Reklama

Biznes

Sprężyny gazowe to nasza specjalność

Aneta Gieroń
Dodano: 12.05.2014
12356_IMG_8804
Share
Udostępnij
Firma zatrudnia 262 osoby, ma roczną wartość sprzedaży na poziomie 36 mln zł, a jej prezesi nie mają gabinetów, sekretarek, tylko skromne biurka na wspólnej sali z innymi pracownikami. – I to się długo nie zmieni – śmieje się Leszek Waliszewski, prezes FA Krosno, trzeciego w Europie producenta sprężyn gazowych. – Spółka istniej od 8 lat, najważniejsze jest inwestowanie, rozwijanie kapitału ludzkiego oraz parku maszyn. Na duże konsumowanie przyjdzie czas potem.
 
To może takie subtelne nawiązanie do życiowej historii Leszka Waliszewskiego, absolwenta Politechniki Gdańskiej, który w 1980 r. zaangażował się w tworzenie NSZZ „Solidarność”, był nawet szefem największego regionu związku – Śląsko-Dąbrowskiego, a w 1983 r. wyjechał z rodziną za granicę przez Niemcy do USA. W 1994 r. wrócił na stałe do Polski, przez kilkanaście lat robił karierę w międzynarodowej korporacji, był Dyrektorem Krajowym firmy ACG, późniejszej Delphi, która była częścią General Motors. Nadszedł jednak czas, gdy w całości chciał brać odpowiedzialność za to, co robi i w 2004 r. został współwłaścicielem firmy Borg Automotive w Zduńskiej Woli zajmującą się regeneracją alternatorów, rozruszników i kompresorów. Z czasem powstała druga fabryka w Markach, która zajmowała się produkcją okładzin i klocków hamulcowych. – Mimo to zdecydowałem się sprzedać udziały w firmie – wspomina Waliszewski. – Nie dopasowaliśmy się ze wspólnikami. Oni podejmowali praktycznie wszystkie decyzje, a na mnie patrzyli jak na szefa produkcji. Ta sytuacja zaczęła mi w końcu ciążyć. Nie było konfliktów, ale nie było też tak, że ta współpraca wychodziła nam dobrze. 
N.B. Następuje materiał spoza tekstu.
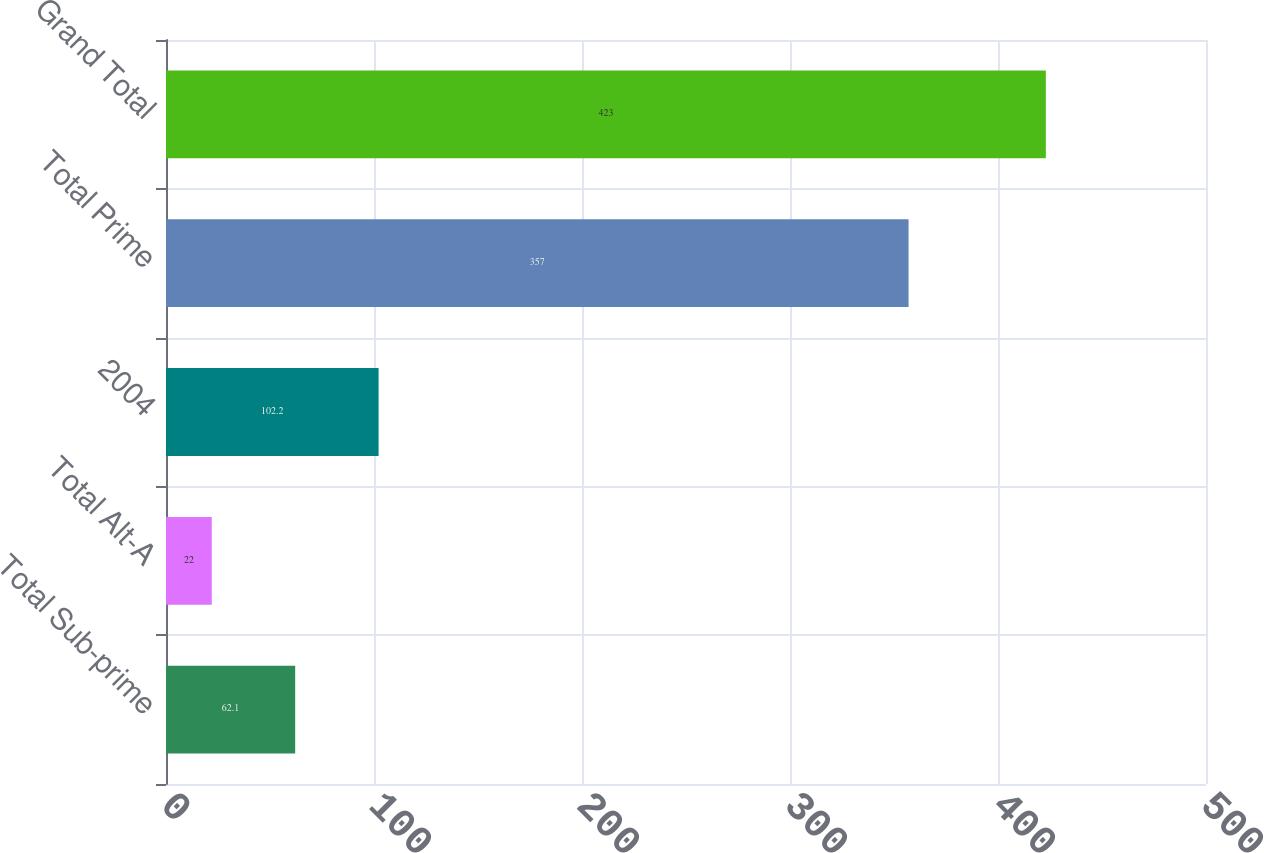Convert chart to OTSL. <chart><loc_0><loc_0><loc_500><loc_500><bar_chart><fcel>Total Sub-prime<fcel>Total Alt-A<fcel>2004<fcel>Total Prime<fcel>Grand Total<nl><fcel>62.1<fcel>22<fcel>102.2<fcel>357<fcel>423<nl></chart> 
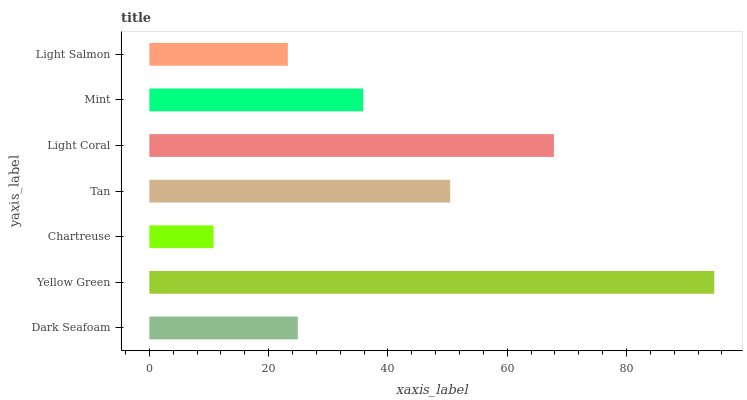Is Chartreuse the minimum?
Answer yes or no. Yes. Is Yellow Green the maximum?
Answer yes or no. Yes. Is Yellow Green the minimum?
Answer yes or no. No. Is Chartreuse the maximum?
Answer yes or no. No. Is Yellow Green greater than Chartreuse?
Answer yes or no. Yes. Is Chartreuse less than Yellow Green?
Answer yes or no. Yes. Is Chartreuse greater than Yellow Green?
Answer yes or no. No. Is Yellow Green less than Chartreuse?
Answer yes or no. No. Is Mint the high median?
Answer yes or no. Yes. Is Mint the low median?
Answer yes or no. Yes. Is Yellow Green the high median?
Answer yes or no. No. Is Light Salmon the low median?
Answer yes or no. No. 
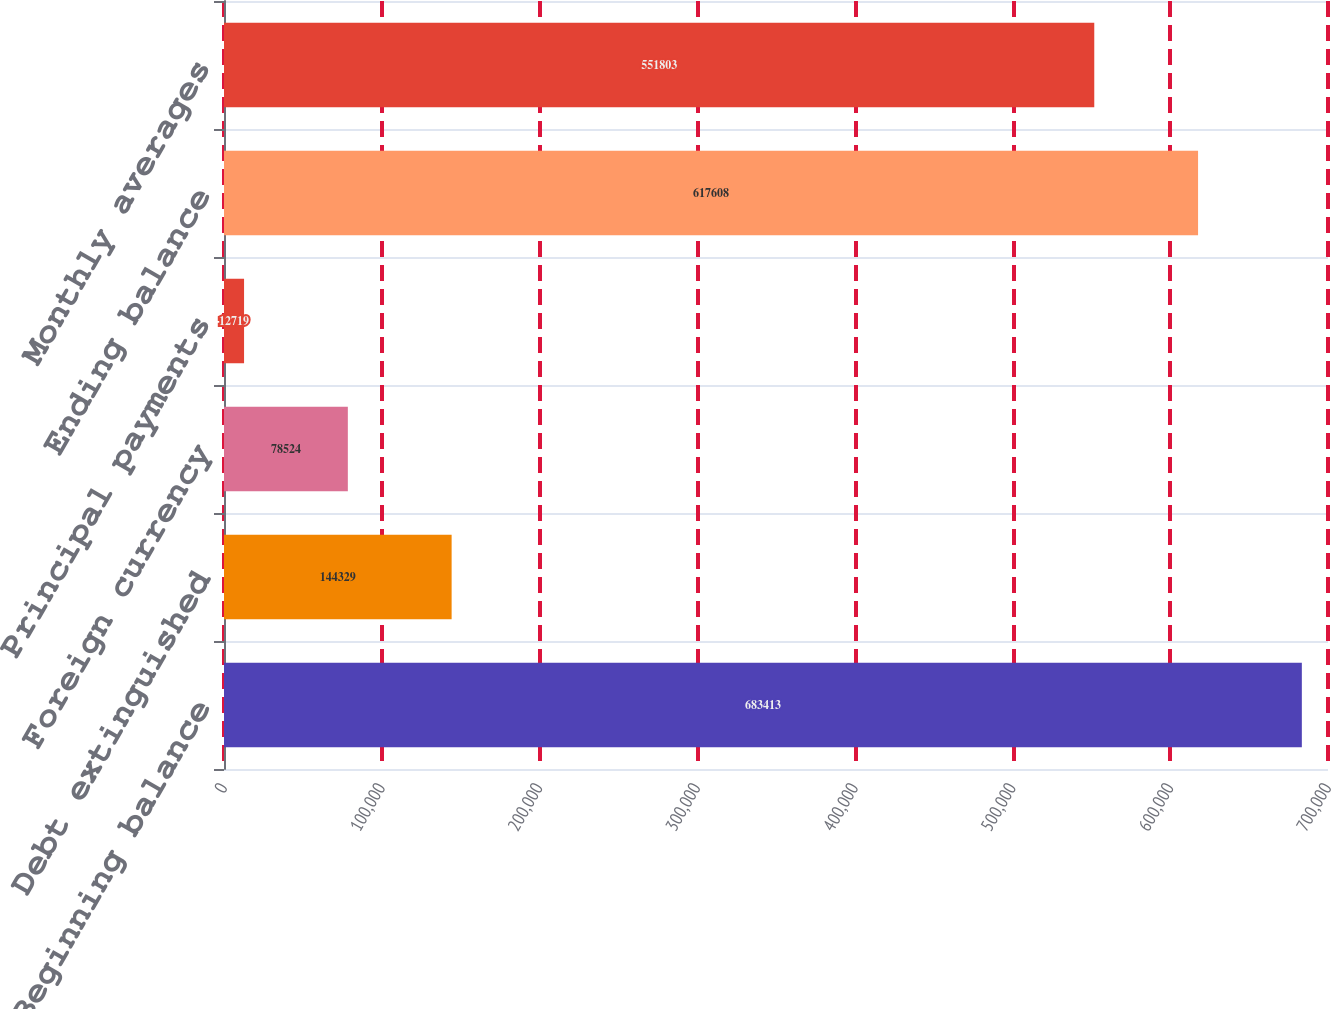Convert chart. <chart><loc_0><loc_0><loc_500><loc_500><bar_chart><fcel>Beginning balance<fcel>Debt extinguished<fcel>Foreign currency<fcel>Principal payments<fcel>Ending balance<fcel>Monthly averages<nl><fcel>683413<fcel>144329<fcel>78524<fcel>12719<fcel>617608<fcel>551803<nl></chart>

I może dobrze, że z tamtego biznesu nic nie wyszło, bo w 2006 roku przecięły się drogi trzech mężczyzn z Warszawy, którzy w kolejnych latach swoje życie związali z Krosnem. W 2005 r. Delphi ogłosiło bankructwo, a Fabryka Amortyzatorów w Krośnie została wystawiona na sprzedaż. W życiu Leszka Waliszewskiego pojawiło się miasto i fabryka, które już znał, ale teraz po raz pierwszy miał się stać współwłaścicielem czegoś, czym wcześniej w imieniu amerykańskiego koncernu tylko zarządzał.
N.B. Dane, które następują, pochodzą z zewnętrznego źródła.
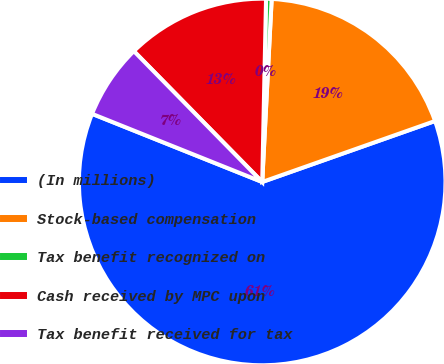<chart> <loc_0><loc_0><loc_500><loc_500><pie_chart><fcel>(In millions)<fcel>Stock-based compensation<fcel>Tax benefit recognized on<fcel>Cash received by MPC upon<fcel>Tax benefit received for tax<nl><fcel>61.46%<fcel>18.78%<fcel>0.49%<fcel>12.68%<fcel>6.59%<nl></chart> 
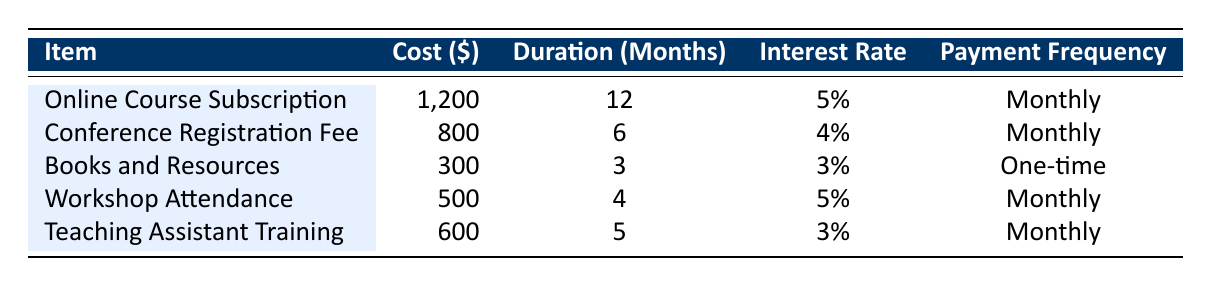What is the cost of the Online Course Subscription? The cost of the Online Course Subscription is directly listed in the table under the "Cost" column for that item. It is 1,200 dollars.
Answer: 1,200 How many months does the Conference Registration Fee last? The duration for the Conference Registration Fee is specified in the table under the "Duration" column, which indicates it lasts for 6 months.
Answer: 6 months What is the interest rate for the Books and Resources expense? The interest rate for the Books and Resources is given in the table under the "Interest Rate" column, which shows it as 3 percent.
Answer: 3% How much do I pay in total for Taking Assistant Training? The Teaching Assistant Training costs 600 dollars, and since it is paid monthly over 5 months, the total payment will be 600 dollars (one-time payment).
Answer: 600 What is the average interest rate of all listed expenses? The interest rates for each item are 5%, 4%, 3%, 5%, and 3%. To find the average, we sum them up: (5 + 4 + 3 + 5 + 3) = 20. Then, divide this total by the number of items (5), resulting in an average interest rate of 20/5 = 4%.
Answer: 4% Is the total cost of the Workshop Attendance higher than that of the Books and Resources? The cost of the Workshop Attendance is 500 dollars, while the cost of the Books and Resources is 300 dollars. Comparing these values, 500 is higher than 300, thus the answer is yes.
Answer: Yes How many items have a payment frequency of Monthly? By checking the "Payment Frequency" column, the items that have "Monthly" are: Online Course Subscription, Conference Registration Fee, Workshop Attendance, and Teaching Assistant Training. This totals to four items.
Answer: 4 Which item has the highest cost and what is the amount? To find the highest cost, we compare the costs: 1,200 (Online Course Subscription), 800 (Conference Registration Fee), 300 (Books and Resources), 500 (Workshop Attendance), and 600 (Teaching Assistant Training). The highest is 1,200 for the Online Course Subscription.
Answer: Online Course Subscription, 1,200 What is the total cost of all expenses? The total cost of all expenses can be found by adding up the individual costs: 1,200 (Online Course Subscription) + 800 (Conference Registration Fee) + 300 (Books and Resources) + 500 (Workshop Attendance) + 600 (Teaching Assistant Training) = 3,400.
Answer: 3,400 Is there any item that requires a one-time payment? The table specifies that the Books and Resources expense has a "Payment Frequency" of "One-time," indicating that there is indeed an item requiring a one-time payment.
Answer: Yes 
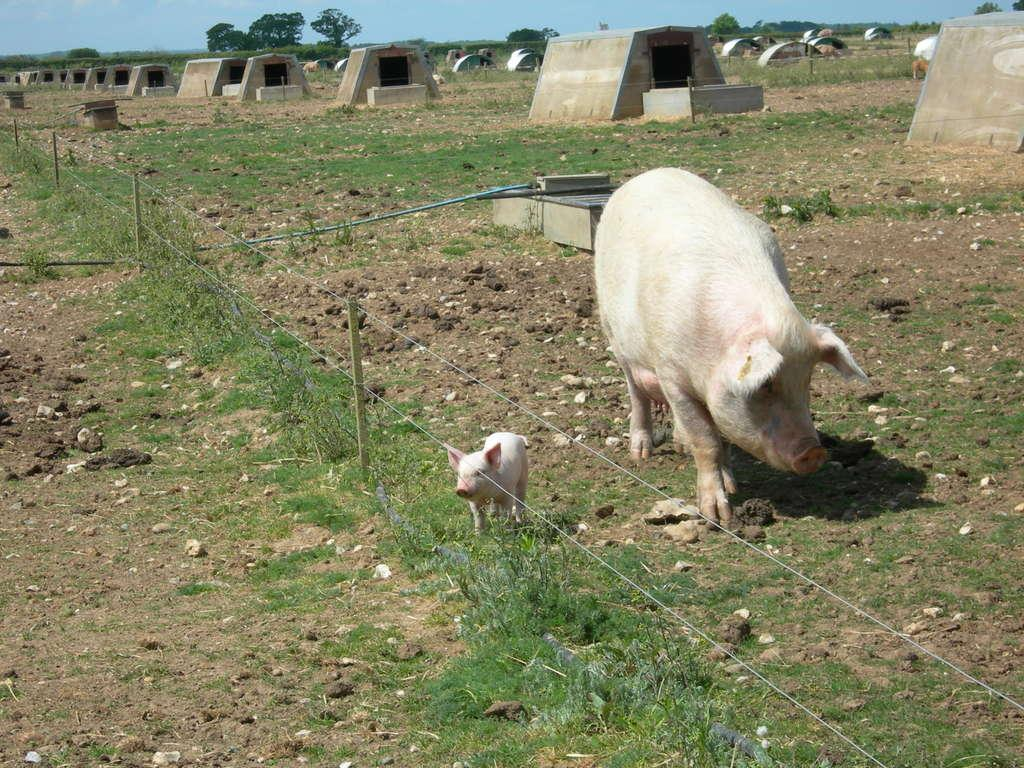How many pigs are present in the image? There are two pigs in the image. What color are the pigs? The pigs are white in color. What can be seen in the background of the image? There are trees and grass in the background of the image. What color are the trees and grass? The trees are green in color, and the grass is also green in color. What color is the sky in the image? The sky is blue in color. Where is the amusement park located in the image? There is no amusement park present in the image; it features two white pigs and a background with green trees, grass, and a blue sky. What type of basket is being used to hold the pigs in the image? There is no basket present in the image; it features two white pigs and a background with green trees, grass, and a blue sky.

– Do Krosna przyjechałem po raz pierwszy w 1995 r., negocjowałem wtedy przejęcie Fabryki Amortyzatorów. Zakład jednak zdecydował o wejściu do NFI i został wykupiony przez Delphi dopiero w 1997 roku – opowiada Waliszewski. – To była zyskowna i rozwojowa fabryka, ale z produkcją tylko na rynek rosyjski i polski. W 1998 r. nastąpił olbrzymi krach na rynku rosyjskim. W związku ze spadkiem wartości rubla produkty z Krosna 4-krotnie podrożały, nie były konkurencyjne w porównaniu z produktami lokalnego konkurenta i zaczęły się gigantyczne kłopoty.  
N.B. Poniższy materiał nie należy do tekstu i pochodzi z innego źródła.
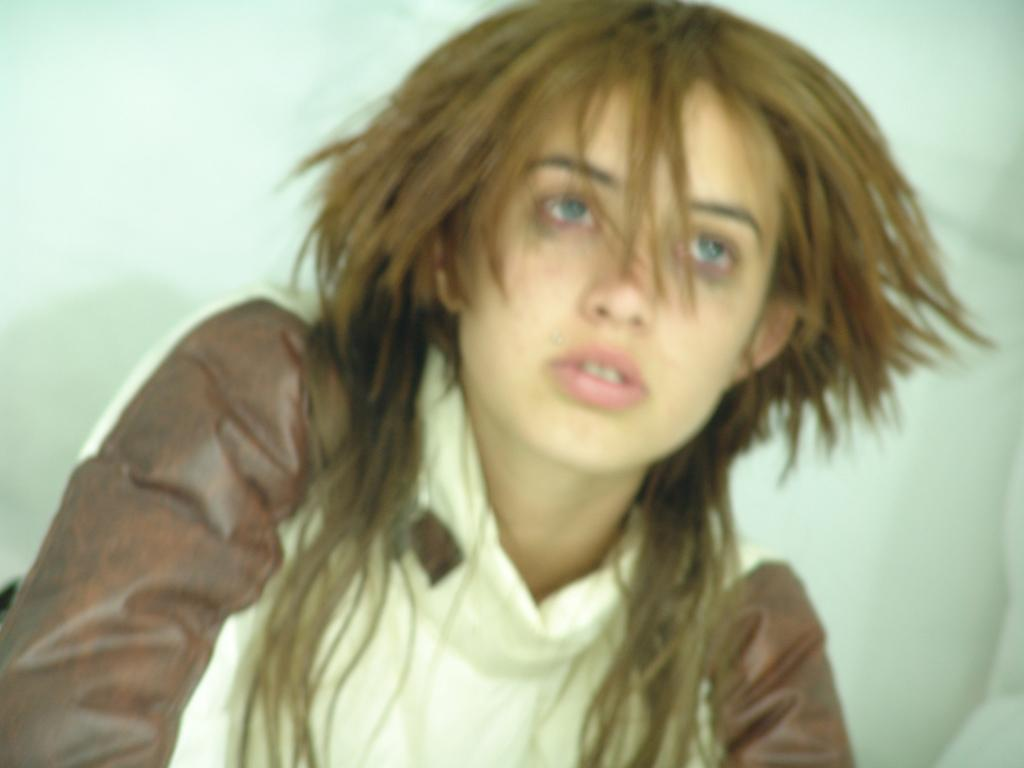Who is the main subject in the image? There is a woman in the image. What is the woman wearing? The woman is wearing a T-shirt. Can you describe the colors of the T-shirt? The T-shirt is white and brown in color. What can be seen in the background of the image? The background of the image appears to be white. What type of poison is the woman using in the image? There is no poison present in the image; the woman is simply wearing a white and brown T-shirt in front of a white background. 
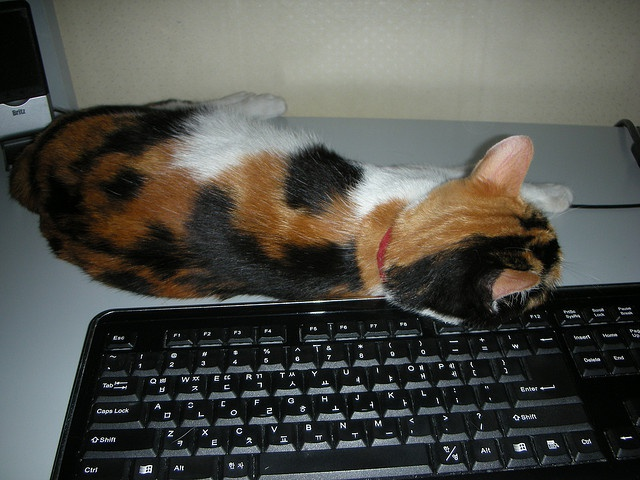Describe the objects in this image and their specific colors. I can see keyboard in black, gray, darkgray, and navy tones and cat in black, darkgray, and maroon tones in this image. 
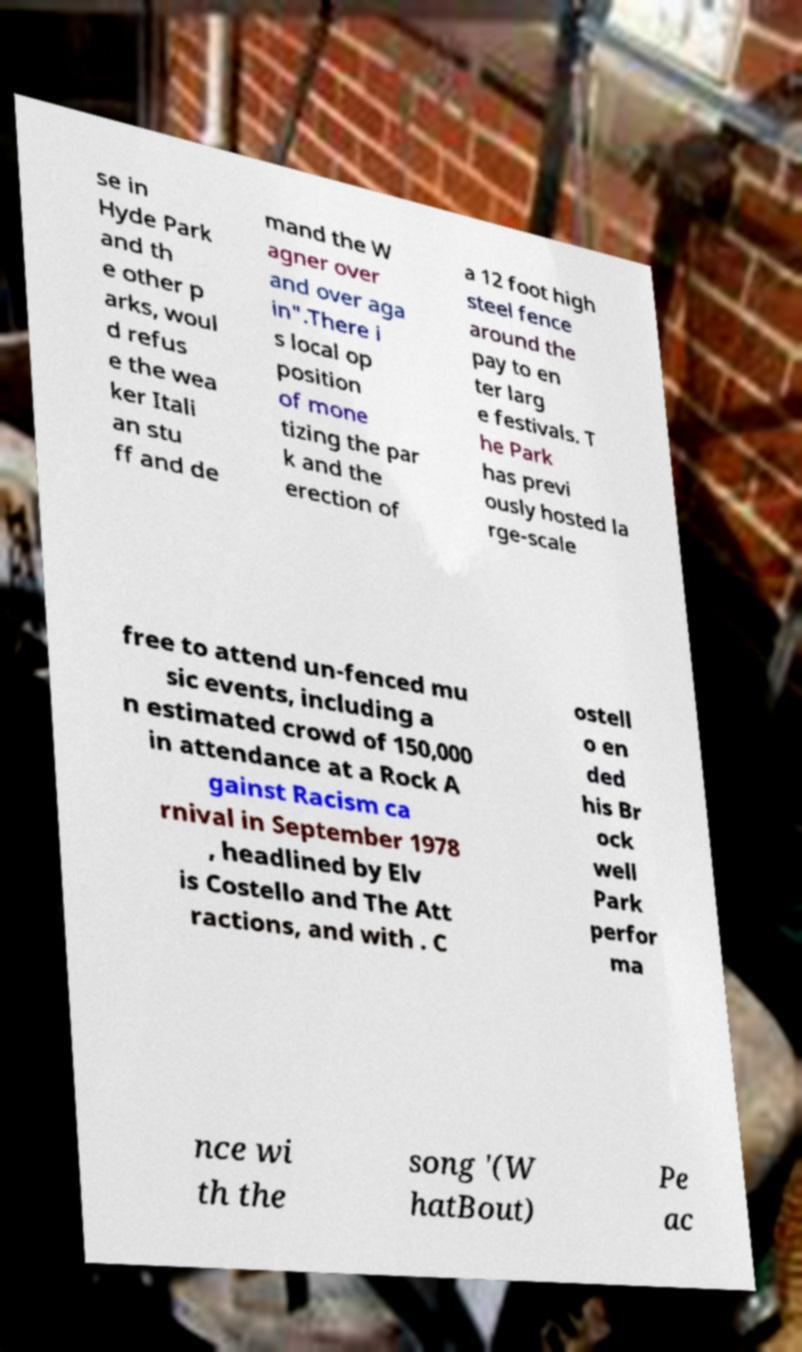Could you assist in decoding the text presented in this image and type it out clearly? se in Hyde Park and th e other p arks, woul d refus e the wea ker Itali an stu ff and de mand the W agner over and over aga in".There i s local op position of mone tizing the par k and the erection of a 12 foot high steel fence around the pay to en ter larg e festivals. T he Park has previ ously hosted la rge-scale free to attend un-fenced mu sic events, including a n estimated crowd of 150,000 in attendance at a Rock A gainst Racism ca rnival in September 1978 , headlined by Elv is Costello and The Att ractions, and with . C ostell o en ded his Br ock well Park perfor ma nce wi th the song '(W hatBout) Pe ac

W 2001 roku Waliszewski jako reprezentant Delphi przyjechał do Krosna restrukturyzować fabrykę. Z firmą, gdzie pracowało ponad 1500 osób, 300 pracowników musiało się pożegnać, ale już za 2002 udało się wypracować przyzwoity zysk. W Delphi zaczęto mówić, że trzeba pilnować Waliszewskiego, bo on na pewno ma jakieś sposoby prowadzenia kreatywnej księgowości. A on tylko zacierał ręce. Krosno udało się uratować w dużej mierze dzięki zwiększeniu rynku części zamiennych. Po półtora roku Waliszewski dostał awans na dyrektora operacyjnego Europu Północnej w Delphi i wydawało się, że jego związek z Krosnem kończy się raz na zawsze. A jednak…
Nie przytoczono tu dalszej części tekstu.